The stereo diagrams in Figure 10.18 show symmetry, and repetition of points, in the plane of the page quite nicely. However, symmetry operations also work in three dimensions. To accommodate the third dimension, we need a way to show points below and above the page. By convention, solid dots represent points above the plane of the page, and circles represent points below the plane of the page (Figure 10.20*a*). A *bull’s-eye* symbol, formed by a small circle around a dot, shows a point above the page that is directly above one below the page. Figure 10.20*b* shows two examples. Points within the plane of the page (around the equator of the crystal) always plot as solid dots on the outside circle of the stereo diagram (Figure 10.20*c*).

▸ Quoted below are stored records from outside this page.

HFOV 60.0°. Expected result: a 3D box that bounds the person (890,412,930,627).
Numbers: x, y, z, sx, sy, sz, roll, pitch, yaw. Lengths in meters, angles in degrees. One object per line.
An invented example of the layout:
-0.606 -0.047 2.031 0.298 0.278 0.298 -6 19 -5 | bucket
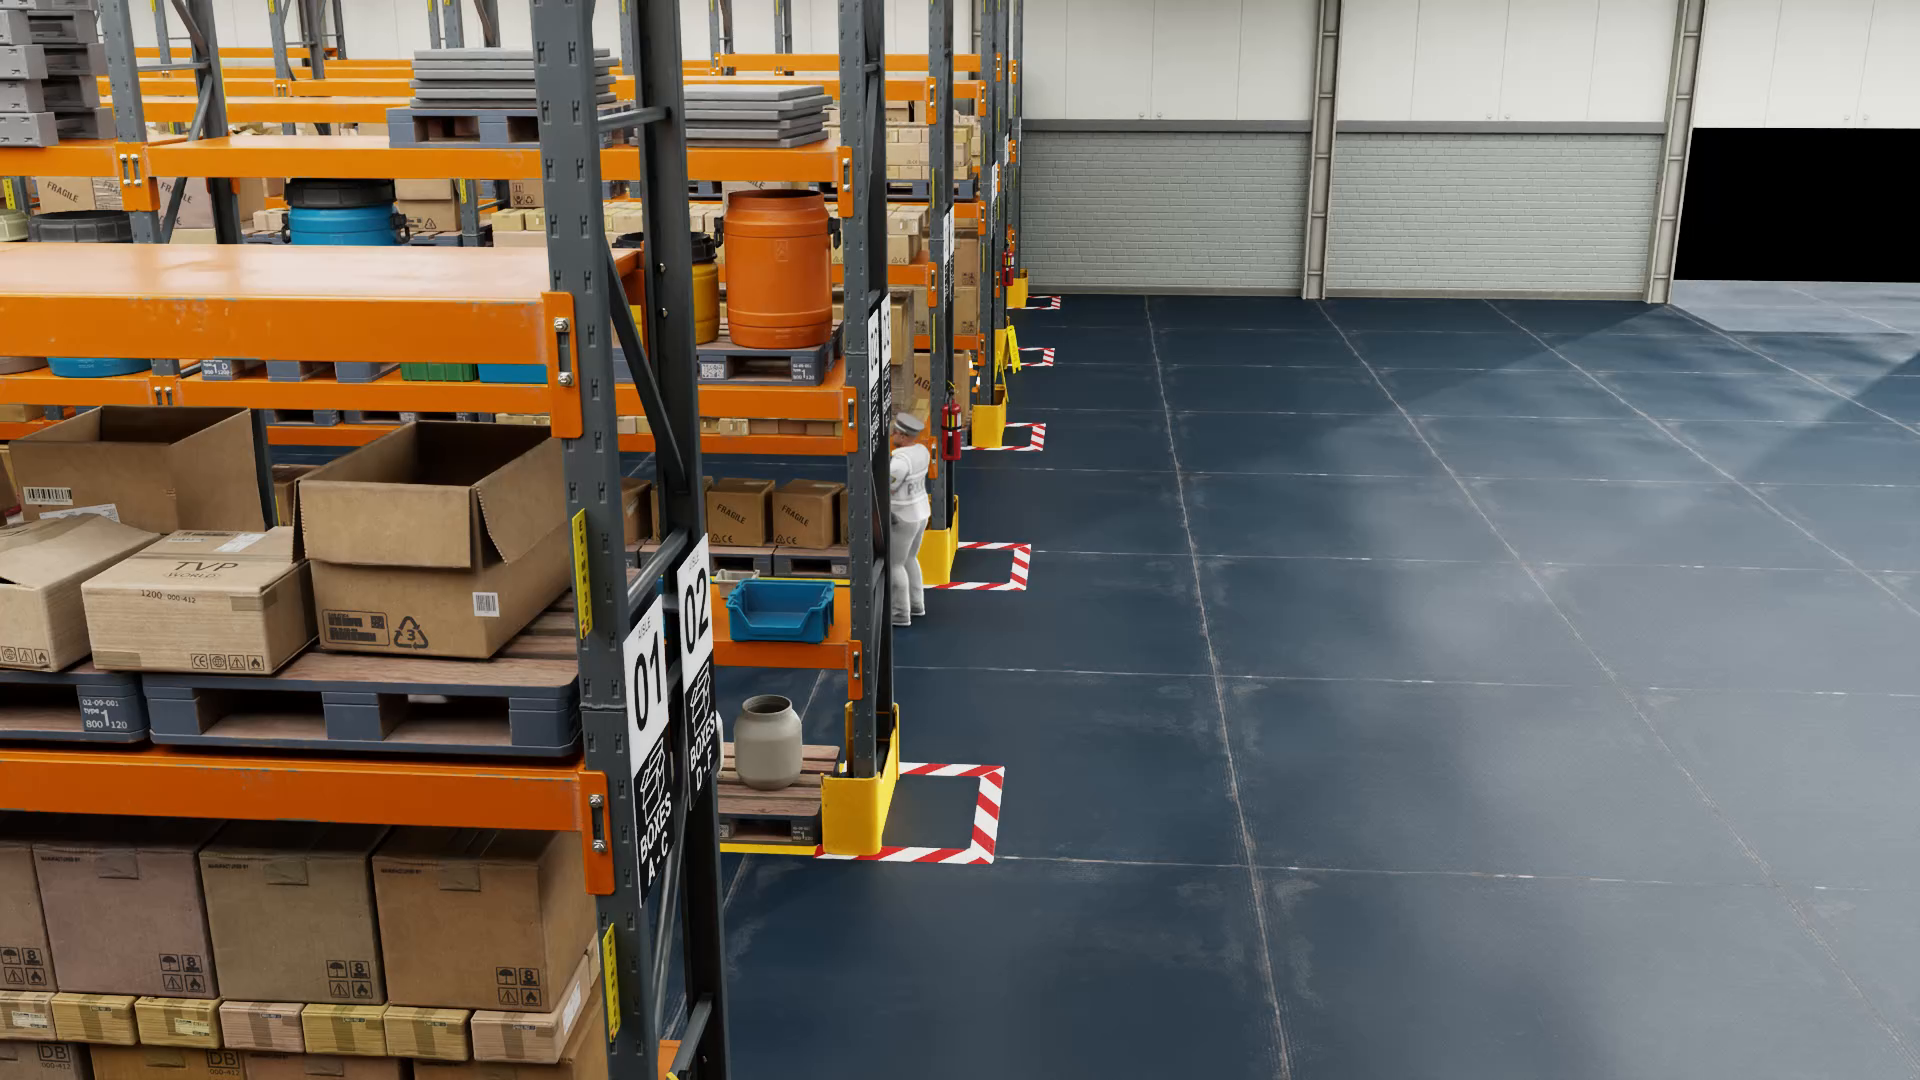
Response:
-0.542 -0.188 13.596 0.562 1.772 0.504 7 19 22 | person

Figure 10.20*a* and *b* show a 2-fold and 4-fold axis of symmetry lying in (parallel to) the plane of the page. They operate on points above the page to produce points below. For the 2-fold axis, a black dot (above the page) becomes an open circle (below the page) after a rotation of 180^{o} around the axis that lies in the plane of the page. The two symbols are not on top of each other. For the 4-fold axis (10.20*b*), 90^{o} rotations around the axis (that is in the plane of the page) produce four equivalent points. The two points below the page are directly beneath the two points above, and so are shown as bull’s-eyes.

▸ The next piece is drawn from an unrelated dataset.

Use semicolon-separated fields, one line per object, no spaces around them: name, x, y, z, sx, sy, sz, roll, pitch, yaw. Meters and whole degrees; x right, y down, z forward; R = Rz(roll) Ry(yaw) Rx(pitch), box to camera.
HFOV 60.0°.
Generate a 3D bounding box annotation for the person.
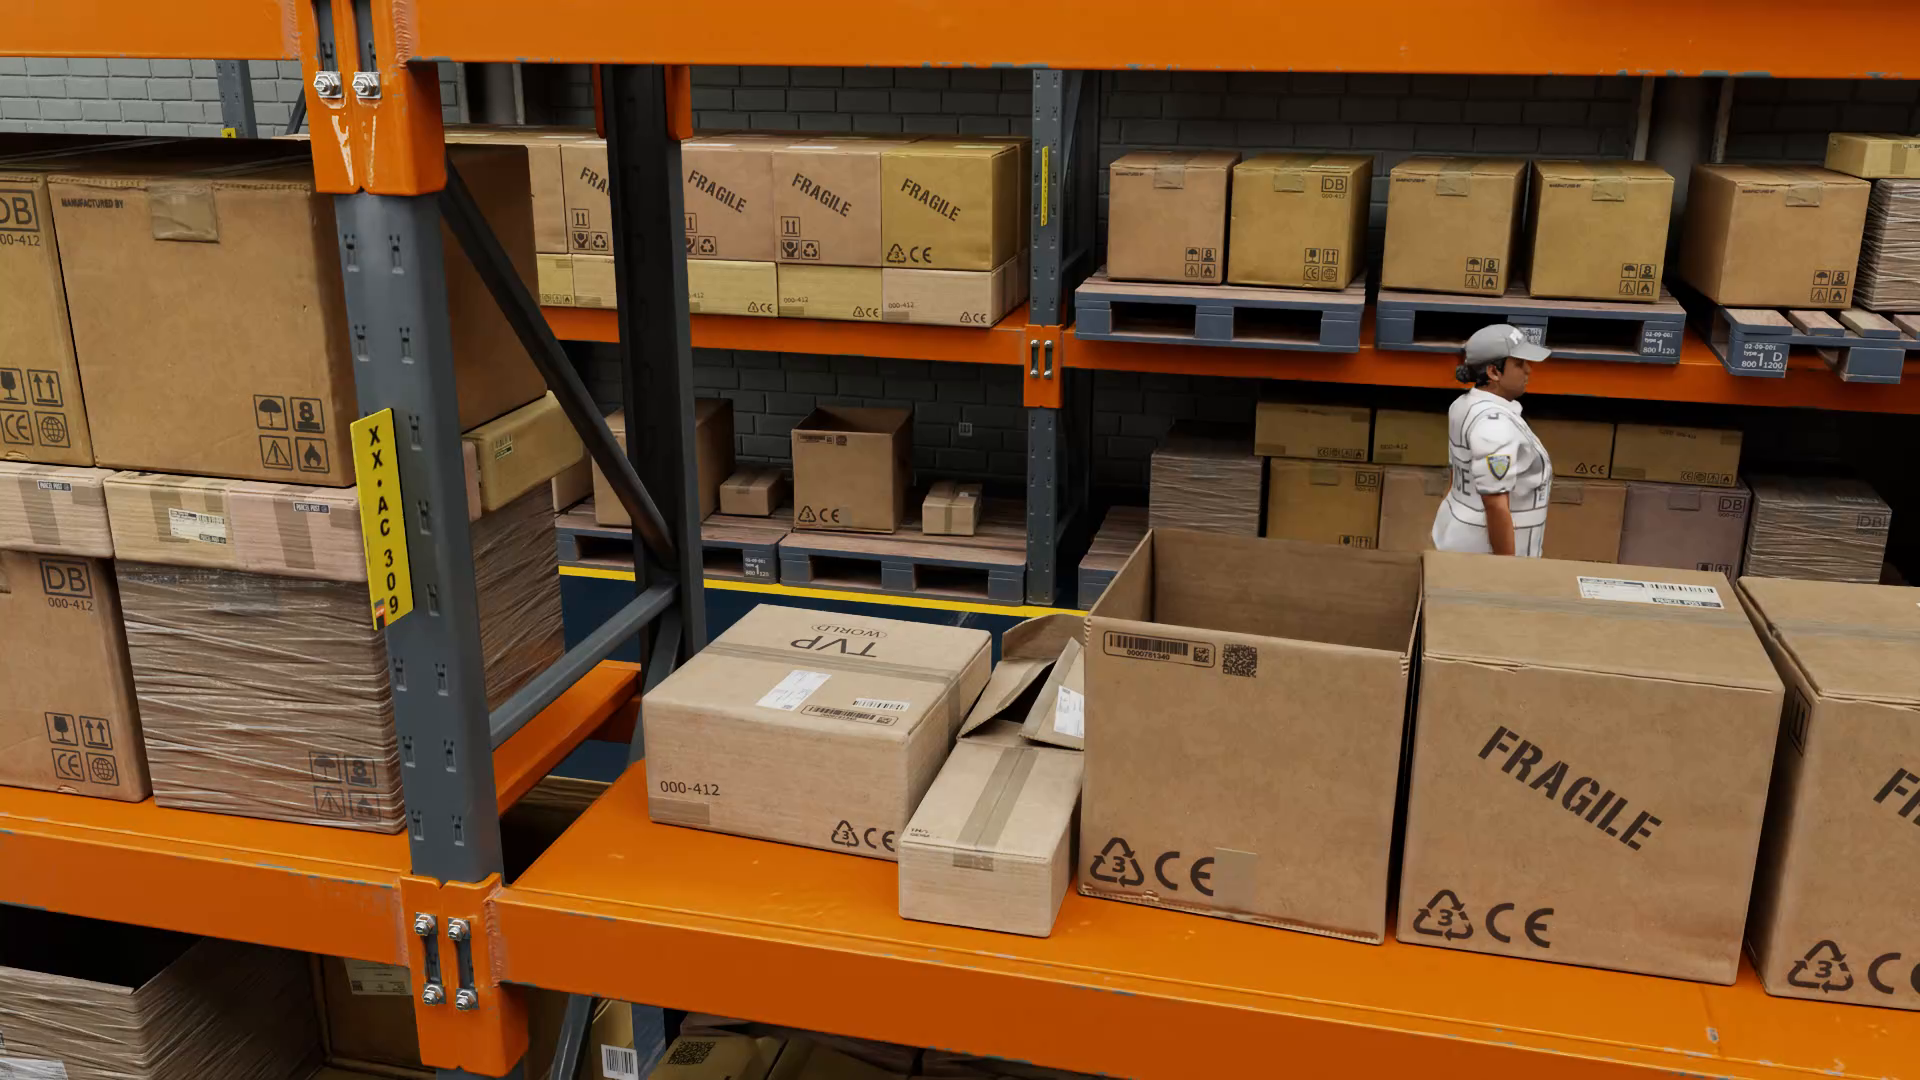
person;1.834;0.045;5.889;0.863;1.625;0.497;3;19;9

##### 10.2.1.2 Mirror Planes

In Figure 10.20*a*, the outside circle is a dashed line. In the other two diagrams it is solid. Why the difference? A solid outside circle indicates that a horizontal mirror plane reflects points above the page to below the page (shown by the bull’s-eye symbol). In contrast, a dashed circle means there is no reflection and no mirror plane parallel to the page. In Figure 10.20*c*, the points are on the outside and, thus, within the plane of the page, and so cannot reflect up or down. In such cases, the circle could be solid or dashed but is generally shown solid.

So, mirrors may lie in the plane of the page. They may also have other orientations. For example, the four stereo diagrams in Figure 10.21 include mirror planes that are perpendicular to the page. They appear as straight lines that pass through the centers of the diagrams. Some of these diagrams also depict other kinds of symmetry:

●Diagram *a* contains a single vertical mirror and two points related by reflection.

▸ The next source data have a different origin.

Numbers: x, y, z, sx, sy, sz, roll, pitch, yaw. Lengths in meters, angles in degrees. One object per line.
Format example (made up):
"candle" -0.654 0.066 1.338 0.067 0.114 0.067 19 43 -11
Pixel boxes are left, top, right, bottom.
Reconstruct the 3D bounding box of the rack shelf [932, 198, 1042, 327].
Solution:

●Diagram *b* contains three mirrors at 90^{o} to each other – one in the plane of the page (shown by the solid outer circle) and two vertical (shown by straight solid lines). It has a total of eight points – four above the page and four below. This diagram also contains three 2-fold rotation axes, shown by the red lens shapes.

●Diagram* c* contains three vertical mirrors (straight lines) at 120^{o} to each other, with nine points (below the page) related by those mirrors. This diagram also contains a 3-fold rotation axis, shown by the red triangle at the diagram’s center.

●Diagram *d* has a horizontal mirror in the plane of the page (solid circle) and four other vertical mirrors (straight lines). It contains sixteen points related by the symmetry. This diagram also contains four 2-fold axes (lens shapes) and a 4-fold rotation axis (shown by the red square at the diagram’s center).

Figure 10.22 shows crystals with symmetries that match the four stereo diagrams in Figure 10.21. Crystal *a* has only a single mirror plane of symmetry. The right side reflects to the left side. Crystal *b* has three perpendicular mirror planes and three 2-fold axes. Each 2-fold axis is perpendicular to one of the mirrors. Crystal *c* has three mirrors that intersect at 120^{o} this requires that a vertical 3-fold axis be present. Crystal *d* has four vertical and one horizontal mirror. It also contains four horizontal 2-fold axes and a vertical 4-fold axis.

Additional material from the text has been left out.